--- START ---
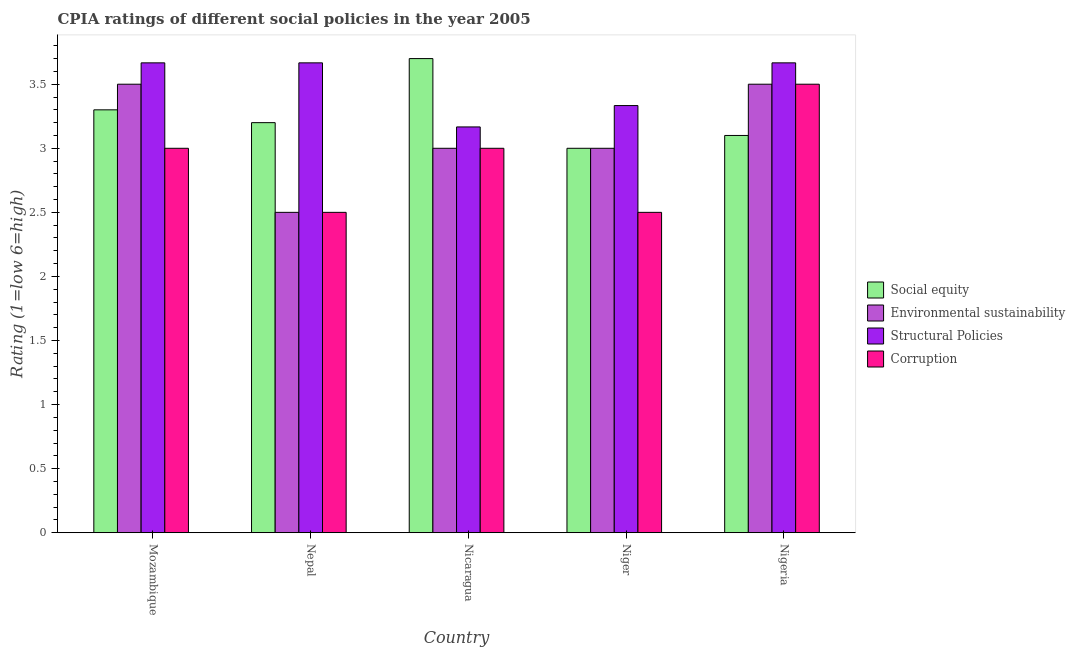How many different coloured bars are there?
Your answer should be very brief. 4. Are the number of bars per tick equal to the number of legend labels?
Your response must be concise. Yes. Are the number of bars on each tick of the X-axis equal?
Your answer should be compact. Yes. How many bars are there on the 3rd tick from the right?
Your answer should be very brief. 4. What is the label of the 5th group of bars from the left?
Ensure brevity in your answer.  Nigeria. What is the cpia rating of structural policies in Nigeria?
Provide a succinct answer. 3.67. Across all countries, what is the maximum cpia rating of social equity?
Keep it short and to the point. 3.7. In which country was the cpia rating of structural policies maximum?
Give a very brief answer. Mozambique. In which country was the cpia rating of environmental sustainability minimum?
Ensure brevity in your answer.  Nepal. What is the difference between the cpia rating of environmental sustainability in Nepal and the cpia rating of social equity in Nigeria?
Make the answer very short. -0.6. What is the difference between the cpia rating of social equity and cpia rating of structural policies in Nepal?
Ensure brevity in your answer.  -0.47. In how many countries, is the cpia rating of corruption greater than 2.5 ?
Give a very brief answer. 3. What is the ratio of the cpia rating of structural policies in Mozambique to that in Nicaragua?
Offer a very short reply. 1.16. Is the cpia rating of structural policies in Nicaragua less than that in Niger?
Give a very brief answer. Yes. Is the difference between the cpia rating of corruption in Nepal and Niger greater than the difference between the cpia rating of social equity in Nepal and Niger?
Offer a terse response. No. What is the difference between the highest and the second highest cpia rating of corruption?
Offer a terse response. 0.5. What does the 2nd bar from the left in Mozambique represents?
Your answer should be compact. Environmental sustainability. What does the 3rd bar from the right in Nicaragua represents?
Keep it short and to the point. Environmental sustainability. Is it the case that in every country, the sum of the cpia rating of social equity and cpia rating of environmental sustainability is greater than the cpia rating of structural policies?
Your response must be concise. Yes. Are all the bars in the graph horizontal?
Your answer should be very brief. No. How many countries are there in the graph?
Give a very brief answer. 5. What is the difference between two consecutive major ticks on the Y-axis?
Your response must be concise. 0.5. Does the graph contain any zero values?
Provide a short and direct response. No. Does the graph contain grids?
Your answer should be very brief. No. How many legend labels are there?
Offer a very short reply. 4. How are the legend labels stacked?
Offer a terse response. Vertical. What is the title of the graph?
Ensure brevity in your answer.  CPIA ratings of different social policies in the year 2005. Does "International Monetary Fund" appear as one of the legend labels in the graph?
Offer a very short reply. No. What is the label or title of the X-axis?
Your response must be concise. Country. What is the Rating (1=low 6=high) in Social equity in Mozambique?
Your answer should be compact. 3.3. What is the Rating (1=low 6=high) of Structural Policies in Mozambique?
Provide a short and direct response. 3.67. What is the Rating (1=low 6=high) of Corruption in Mozambique?
Provide a succinct answer. 3. What is the Rating (1=low 6=high) of Social equity in Nepal?
Offer a very short reply. 3.2. What is the Rating (1=low 6=high) of Structural Policies in Nepal?
Give a very brief answer. 3.67. What is the Rating (1=low 6=high) in Social equity in Nicaragua?
Provide a short and direct response. 3.7. What is the Rating (1=low 6=high) of Structural Policies in Nicaragua?
Offer a very short reply. 3.17. What is the Rating (1=low 6=high) of Environmental sustainability in Niger?
Provide a short and direct response. 3. What is the Rating (1=low 6=high) of Structural Policies in Niger?
Make the answer very short. 3.33. What is the Rating (1=low 6=high) in Corruption in Niger?
Your answer should be compact. 2.5. What is the Rating (1=low 6=high) of Social equity in Nigeria?
Ensure brevity in your answer.  3.1. What is the Rating (1=low 6=high) in Environmental sustainability in Nigeria?
Provide a short and direct response. 3.5. What is the Rating (1=low 6=high) of Structural Policies in Nigeria?
Give a very brief answer. 3.67. Across all countries, what is the maximum Rating (1=low 6=high) of Structural Policies?
Give a very brief answer. 3.67. Across all countries, what is the minimum Rating (1=low 6=high) in Social equity?
Ensure brevity in your answer.  3. Across all countries, what is the minimum Rating (1=low 6=high) in Environmental sustainability?
Give a very brief answer. 2.5. Across all countries, what is the minimum Rating (1=low 6=high) in Structural Policies?
Give a very brief answer. 3.17. Across all countries, what is the minimum Rating (1=low 6=high) of Corruption?
Provide a short and direct response. 2.5. What is the total Rating (1=low 6=high) in Structural Policies in the graph?
Make the answer very short. 17.5. What is the difference between the Rating (1=low 6=high) of Social equity in Mozambique and that in Nepal?
Your answer should be very brief. 0.1. What is the difference between the Rating (1=low 6=high) in Environmental sustainability in Mozambique and that in Nepal?
Offer a very short reply. 1. What is the difference between the Rating (1=low 6=high) of Structural Policies in Mozambique and that in Nepal?
Offer a terse response. 0. What is the difference between the Rating (1=low 6=high) in Environmental sustainability in Mozambique and that in Nicaragua?
Ensure brevity in your answer.  0.5. What is the difference between the Rating (1=low 6=high) in Structural Policies in Mozambique and that in Nicaragua?
Make the answer very short. 0.5. What is the difference between the Rating (1=low 6=high) in Social equity in Mozambique and that in Niger?
Your response must be concise. 0.3. What is the difference between the Rating (1=low 6=high) of Corruption in Mozambique and that in Niger?
Your response must be concise. 0.5. What is the difference between the Rating (1=low 6=high) of Environmental sustainability in Mozambique and that in Nigeria?
Keep it short and to the point. 0. What is the difference between the Rating (1=low 6=high) in Structural Policies in Mozambique and that in Nigeria?
Provide a succinct answer. 0. What is the difference between the Rating (1=low 6=high) of Environmental sustainability in Nepal and that in Nicaragua?
Provide a short and direct response. -0.5. What is the difference between the Rating (1=low 6=high) of Corruption in Nepal and that in Nicaragua?
Provide a short and direct response. -0.5. What is the difference between the Rating (1=low 6=high) in Social equity in Nepal and that in Niger?
Provide a succinct answer. 0.2. What is the difference between the Rating (1=low 6=high) of Corruption in Nepal and that in Niger?
Your answer should be very brief. 0. What is the difference between the Rating (1=low 6=high) in Social equity in Nepal and that in Nigeria?
Provide a short and direct response. 0.1. What is the difference between the Rating (1=low 6=high) of Corruption in Nepal and that in Nigeria?
Ensure brevity in your answer.  -1. What is the difference between the Rating (1=low 6=high) of Social equity in Nicaragua and that in Niger?
Give a very brief answer. 0.7. What is the difference between the Rating (1=low 6=high) of Structural Policies in Nicaragua and that in Niger?
Ensure brevity in your answer.  -0.17. What is the difference between the Rating (1=low 6=high) of Social equity in Nicaragua and that in Nigeria?
Keep it short and to the point. 0.6. What is the difference between the Rating (1=low 6=high) of Environmental sustainability in Nicaragua and that in Nigeria?
Your answer should be compact. -0.5. What is the difference between the Rating (1=low 6=high) of Structural Policies in Nicaragua and that in Nigeria?
Provide a short and direct response. -0.5. What is the difference between the Rating (1=low 6=high) in Corruption in Nicaragua and that in Nigeria?
Ensure brevity in your answer.  -0.5. What is the difference between the Rating (1=low 6=high) in Structural Policies in Niger and that in Nigeria?
Provide a short and direct response. -0.33. What is the difference between the Rating (1=low 6=high) of Corruption in Niger and that in Nigeria?
Keep it short and to the point. -1. What is the difference between the Rating (1=low 6=high) of Social equity in Mozambique and the Rating (1=low 6=high) of Environmental sustainability in Nepal?
Your response must be concise. 0.8. What is the difference between the Rating (1=low 6=high) of Social equity in Mozambique and the Rating (1=low 6=high) of Structural Policies in Nepal?
Your answer should be very brief. -0.37. What is the difference between the Rating (1=low 6=high) in Structural Policies in Mozambique and the Rating (1=low 6=high) in Corruption in Nepal?
Offer a very short reply. 1.17. What is the difference between the Rating (1=low 6=high) in Social equity in Mozambique and the Rating (1=low 6=high) in Environmental sustainability in Nicaragua?
Keep it short and to the point. 0.3. What is the difference between the Rating (1=low 6=high) of Social equity in Mozambique and the Rating (1=low 6=high) of Structural Policies in Nicaragua?
Provide a succinct answer. 0.13. What is the difference between the Rating (1=low 6=high) in Social equity in Mozambique and the Rating (1=low 6=high) in Corruption in Nicaragua?
Provide a succinct answer. 0.3. What is the difference between the Rating (1=low 6=high) of Environmental sustainability in Mozambique and the Rating (1=low 6=high) of Structural Policies in Nicaragua?
Provide a succinct answer. 0.33. What is the difference between the Rating (1=low 6=high) of Environmental sustainability in Mozambique and the Rating (1=low 6=high) of Corruption in Nicaragua?
Your response must be concise. 0.5. What is the difference between the Rating (1=low 6=high) in Structural Policies in Mozambique and the Rating (1=low 6=high) in Corruption in Nicaragua?
Offer a terse response. 0.67. What is the difference between the Rating (1=low 6=high) in Social equity in Mozambique and the Rating (1=low 6=high) in Environmental sustainability in Niger?
Give a very brief answer. 0.3. What is the difference between the Rating (1=low 6=high) in Social equity in Mozambique and the Rating (1=low 6=high) in Structural Policies in Niger?
Your answer should be very brief. -0.03. What is the difference between the Rating (1=low 6=high) in Social equity in Mozambique and the Rating (1=low 6=high) in Corruption in Niger?
Offer a terse response. 0.8. What is the difference between the Rating (1=low 6=high) of Environmental sustainability in Mozambique and the Rating (1=low 6=high) of Structural Policies in Niger?
Offer a very short reply. 0.17. What is the difference between the Rating (1=low 6=high) in Environmental sustainability in Mozambique and the Rating (1=low 6=high) in Corruption in Niger?
Give a very brief answer. 1. What is the difference between the Rating (1=low 6=high) of Structural Policies in Mozambique and the Rating (1=low 6=high) of Corruption in Niger?
Your answer should be compact. 1.17. What is the difference between the Rating (1=low 6=high) in Social equity in Mozambique and the Rating (1=low 6=high) in Environmental sustainability in Nigeria?
Give a very brief answer. -0.2. What is the difference between the Rating (1=low 6=high) of Social equity in Mozambique and the Rating (1=low 6=high) of Structural Policies in Nigeria?
Your answer should be very brief. -0.37. What is the difference between the Rating (1=low 6=high) of Environmental sustainability in Mozambique and the Rating (1=low 6=high) of Structural Policies in Nigeria?
Your answer should be very brief. -0.17. What is the difference between the Rating (1=low 6=high) of Environmental sustainability in Mozambique and the Rating (1=low 6=high) of Corruption in Nigeria?
Offer a very short reply. 0. What is the difference between the Rating (1=low 6=high) of Social equity in Nepal and the Rating (1=low 6=high) of Structural Policies in Nicaragua?
Make the answer very short. 0.03. What is the difference between the Rating (1=low 6=high) in Social equity in Nepal and the Rating (1=low 6=high) in Corruption in Nicaragua?
Ensure brevity in your answer.  0.2. What is the difference between the Rating (1=low 6=high) in Structural Policies in Nepal and the Rating (1=low 6=high) in Corruption in Nicaragua?
Offer a very short reply. 0.67. What is the difference between the Rating (1=low 6=high) in Social equity in Nepal and the Rating (1=low 6=high) in Environmental sustainability in Niger?
Provide a succinct answer. 0.2. What is the difference between the Rating (1=low 6=high) of Social equity in Nepal and the Rating (1=low 6=high) of Structural Policies in Niger?
Give a very brief answer. -0.13. What is the difference between the Rating (1=low 6=high) in Environmental sustainability in Nepal and the Rating (1=low 6=high) in Structural Policies in Niger?
Ensure brevity in your answer.  -0.83. What is the difference between the Rating (1=low 6=high) of Social equity in Nepal and the Rating (1=low 6=high) of Structural Policies in Nigeria?
Your response must be concise. -0.47. What is the difference between the Rating (1=low 6=high) in Social equity in Nepal and the Rating (1=low 6=high) in Corruption in Nigeria?
Keep it short and to the point. -0.3. What is the difference between the Rating (1=low 6=high) of Environmental sustainability in Nepal and the Rating (1=low 6=high) of Structural Policies in Nigeria?
Give a very brief answer. -1.17. What is the difference between the Rating (1=low 6=high) in Environmental sustainability in Nepal and the Rating (1=low 6=high) in Corruption in Nigeria?
Your answer should be compact. -1. What is the difference between the Rating (1=low 6=high) in Social equity in Nicaragua and the Rating (1=low 6=high) in Structural Policies in Niger?
Give a very brief answer. 0.37. What is the difference between the Rating (1=low 6=high) in Social equity in Nicaragua and the Rating (1=low 6=high) in Corruption in Niger?
Offer a very short reply. 1.2. What is the difference between the Rating (1=low 6=high) of Environmental sustainability in Nicaragua and the Rating (1=low 6=high) of Corruption in Niger?
Provide a short and direct response. 0.5. What is the difference between the Rating (1=low 6=high) in Structural Policies in Nicaragua and the Rating (1=low 6=high) in Corruption in Niger?
Give a very brief answer. 0.67. What is the difference between the Rating (1=low 6=high) in Social equity in Nicaragua and the Rating (1=low 6=high) in Structural Policies in Nigeria?
Offer a terse response. 0.03. What is the difference between the Rating (1=low 6=high) in Social equity in Nicaragua and the Rating (1=low 6=high) in Corruption in Nigeria?
Offer a terse response. 0.2. What is the difference between the Rating (1=low 6=high) in Environmental sustainability in Nicaragua and the Rating (1=low 6=high) in Structural Policies in Nigeria?
Offer a terse response. -0.67. What is the difference between the Rating (1=low 6=high) of Structural Policies in Nicaragua and the Rating (1=low 6=high) of Corruption in Nigeria?
Your answer should be very brief. -0.33. What is the difference between the Rating (1=low 6=high) of Social equity in Niger and the Rating (1=low 6=high) of Environmental sustainability in Nigeria?
Make the answer very short. -0.5. What is the difference between the Rating (1=low 6=high) of Structural Policies in Niger and the Rating (1=low 6=high) of Corruption in Nigeria?
Make the answer very short. -0.17. What is the average Rating (1=low 6=high) of Social equity per country?
Provide a short and direct response. 3.26. What is the average Rating (1=low 6=high) of Environmental sustainability per country?
Your response must be concise. 3.1. What is the average Rating (1=low 6=high) of Corruption per country?
Offer a terse response. 2.9. What is the difference between the Rating (1=low 6=high) in Social equity and Rating (1=low 6=high) in Environmental sustainability in Mozambique?
Keep it short and to the point. -0.2. What is the difference between the Rating (1=low 6=high) of Social equity and Rating (1=low 6=high) of Structural Policies in Mozambique?
Make the answer very short. -0.37. What is the difference between the Rating (1=low 6=high) of Social equity and Rating (1=low 6=high) of Structural Policies in Nepal?
Provide a short and direct response. -0.47. What is the difference between the Rating (1=low 6=high) in Environmental sustainability and Rating (1=low 6=high) in Structural Policies in Nepal?
Provide a succinct answer. -1.17. What is the difference between the Rating (1=low 6=high) in Structural Policies and Rating (1=low 6=high) in Corruption in Nepal?
Your answer should be very brief. 1.17. What is the difference between the Rating (1=low 6=high) in Social equity and Rating (1=low 6=high) in Structural Policies in Nicaragua?
Your response must be concise. 0.53. What is the difference between the Rating (1=low 6=high) of Social equity and Rating (1=low 6=high) of Corruption in Nicaragua?
Offer a very short reply. 0.7. What is the difference between the Rating (1=low 6=high) in Environmental sustainability and Rating (1=low 6=high) in Structural Policies in Nicaragua?
Keep it short and to the point. -0.17. What is the difference between the Rating (1=low 6=high) in Environmental sustainability and Rating (1=low 6=high) in Corruption in Nicaragua?
Offer a very short reply. 0. What is the difference between the Rating (1=low 6=high) in Structural Policies and Rating (1=low 6=high) in Corruption in Nicaragua?
Ensure brevity in your answer.  0.17. What is the difference between the Rating (1=low 6=high) of Social equity and Rating (1=low 6=high) of Structural Policies in Niger?
Your answer should be compact. -0.33. What is the difference between the Rating (1=low 6=high) in Social equity and Rating (1=low 6=high) in Corruption in Niger?
Ensure brevity in your answer.  0.5. What is the difference between the Rating (1=low 6=high) in Environmental sustainability and Rating (1=low 6=high) in Structural Policies in Niger?
Offer a terse response. -0.33. What is the difference between the Rating (1=low 6=high) in Social equity and Rating (1=low 6=high) in Structural Policies in Nigeria?
Ensure brevity in your answer.  -0.57. What is the difference between the Rating (1=low 6=high) in Environmental sustainability and Rating (1=low 6=high) in Structural Policies in Nigeria?
Offer a very short reply. -0.17. What is the difference between the Rating (1=low 6=high) in Structural Policies and Rating (1=low 6=high) in Corruption in Nigeria?
Offer a very short reply. 0.17. What is the ratio of the Rating (1=low 6=high) in Social equity in Mozambique to that in Nepal?
Ensure brevity in your answer.  1.03. What is the ratio of the Rating (1=low 6=high) of Environmental sustainability in Mozambique to that in Nepal?
Offer a very short reply. 1.4. What is the ratio of the Rating (1=low 6=high) of Structural Policies in Mozambique to that in Nepal?
Your answer should be very brief. 1. What is the ratio of the Rating (1=low 6=high) of Corruption in Mozambique to that in Nepal?
Your answer should be very brief. 1.2. What is the ratio of the Rating (1=low 6=high) in Social equity in Mozambique to that in Nicaragua?
Make the answer very short. 0.89. What is the ratio of the Rating (1=low 6=high) of Structural Policies in Mozambique to that in Nicaragua?
Provide a succinct answer. 1.16. What is the ratio of the Rating (1=low 6=high) in Corruption in Mozambique to that in Nicaragua?
Keep it short and to the point. 1. What is the ratio of the Rating (1=low 6=high) of Social equity in Mozambique to that in Niger?
Offer a terse response. 1.1. What is the ratio of the Rating (1=low 6=high) in Structural Policies in Mozambique to that in Niger?
Your answer should be compact. 1.1. What is the ratio of the Rating (1=low 6=high) of Social equity in Mozambique to that in Nigeria?
Offer a very short reply. 1.06. What is the ratio of the Rating (1=low 6=high) in Social equity in Nepal to that in Nicaragua?
Make the answer very short. 0.86. What is the ratio of the Rating (1=low 6=high) in Structural Policies in Nepal to that in Nicaragua?
Keep it short and to the point. 1.16. What is the ratio of the Rating (1=low 6=high) in Social equity in Nepal to that in Niger?
Your answer should be very brief. 1.07. What is the ratio of the Rating (1=low 6=high) of Environmental sustainability in Nepal to that in Niger?
Provide a succinct answer. 0.83. What is the ratio of the Rating (1=low 6=high) of Structural Policies in Nepal to that in Niger?
Provide a succinct answer. 1.1. What is the ratio of the Rating (1=low 6=high) of Social equity in Nepal to that in Nigeria?
Give a very brief answer. 1.03. What is the ratio of the Rating (1=low 6=high) of Environmental sustainability in Nepal to that in Nigeria?
Make the answer very short. 0.71. What is the ratio of the Rating (1=low 6=high) of Structural Policies in Nepal to that in Nigeria?
Give a very brief answer. 1. What is the ratio of the Rating (1=low 6=high) in Social equity in Nicaragua to that in Niger?
Keep it short and to the point. 1.23. What is the ratio of the Rating (1=low 6=high) of Structural Policies in Nicaragua to that in Niger?
Make the answer very short. 0.95. What is the ratio of the Rating (1=low 6=high) in Social equity in Nicaragua to that in Nigeria?
Offer a very short reply. 1.19. What is the ratio of the Rating (1=low 6=high) in Environmental sustainability in Nicaragua to that in Nigeria?
Provide a succinct answer. 0.86. What is the ratio of the Rating (1=low 6=high) of Structural Policies in Nicaragua to that in Nigeria?
Your answer should be compact. 0.86. What is the ratio of the Rating (1=low 6=high) in Social equity in Niger to that in Nigeria?
Your answer should be compact. 0.97. What is the ratio of the Rating (1=low 6=high) in Environmental sustainability in Niger to that in Nigeria?
Your response must be concise. 0.86. What is the difference between the highest and the second highest Rating (1=low 6=high) in Social equity?
Keep it short and to the point. 0.4. What is the difference between the highest and the second highest Rating (1=low 6=high) in Structural Policies?
Offer a very short reply. 0. What is the difference between the highest and the lowest Rating (1=low 6=high) of Structural Policies?
Keep it short and to the point. 0.5.
--- END ---
**Directions for this task**.
In the listing above, find the line containing "Offer a very short reply. -0.17." and the line containing "Provide a succinct answer. 1.16.". Output them and every line between, exactly, and nothing else.

**Answer for the task**.
Offer a very short reply. -0.17. What is the difference between the Rating (1=low 6=high) in Structural Policies and Rating (1=low 6=high) in Corruption in Nigeria?
Offer a very short reply. 0.17. What is the ratio of the Rating (1=low 6=high) in Social equity in Mozambique to that in Nepal?
Ensure brevity in your answer.  1.03. What is the ratio of the Rating (1=low 6=high) of Environmental sustainability in Mozambique to that in Nepal?
Offer a very short reply. 1.4. What is the ratio of the Rating (1=low 6=high) of Structural Policies in Mozambique to that in Nepal?
Your answer should be very brief. 1. What is the ratio of the Rating (1=low 6=high) of Corruption in Mozambique to that in Nepal?
Your answer should be very brief. 1.2. What is the ratio of the Rating (1=low 6=high) in Social equity in Mozambique to that in Nicaragua?
Make the answer very short. 0.89. What is the ratio of the Rating (1=low 6=high) of Structural Policies in Mozambique to that in Nicaragua?
Provide a succinct answer. 1.16. What is the ratio of the Rating (1=low 6=high) in Corruption in Mozambique to that in Nicaragua?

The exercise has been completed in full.